CNC Turning Centers

CNC Turning Centers can be found in two forms: CNC DIY (in house) and CNC Industrial. Which type is best for your business will depend on what type of part you need to manufacture, the cost of materials you have on hand, your current overhead expenses, the amount of available space at your production facility, and other factors. The following is a brief summary of each type of CNC turning center.

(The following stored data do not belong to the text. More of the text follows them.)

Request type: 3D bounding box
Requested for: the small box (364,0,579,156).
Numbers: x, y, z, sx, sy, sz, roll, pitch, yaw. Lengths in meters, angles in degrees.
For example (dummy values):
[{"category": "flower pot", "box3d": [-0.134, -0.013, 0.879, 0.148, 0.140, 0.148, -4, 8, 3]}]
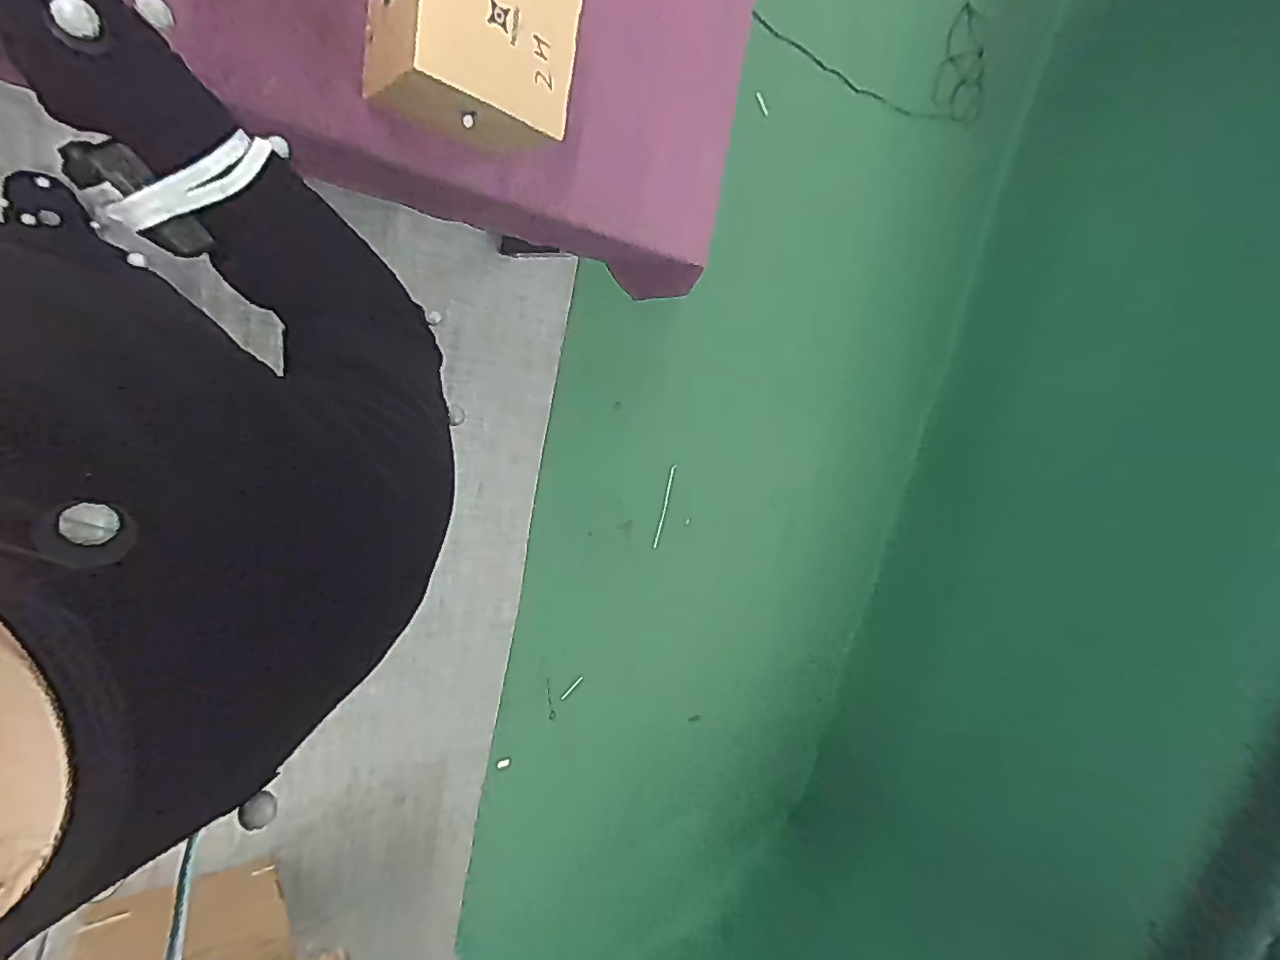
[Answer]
[{"category": "small box", "box3d": [-0.197, -0.495, 0.618, 0.179, 0.176, 0.168, -1, 108, -44]}]

DIY CNC turning centers are designed to be used by amateurs, who have no experience with industrial machinery. They are cheaper to purchase because they are designed to do less, therefore producing fewer parts per hour. Although CNC lathes can produce the same amount of quality as a professional machine, a CNC turning machine is designed to do it faster. Because CNC Turning Centers runs on less energy, their running costs are lower. In addition, CNC lathes can often be operated by someone who has little to no experience with industrial machinery. This is because the CNC turning center does not require an operator, so all of the operator’s time is spent on actual turning rather than monitoring the machine.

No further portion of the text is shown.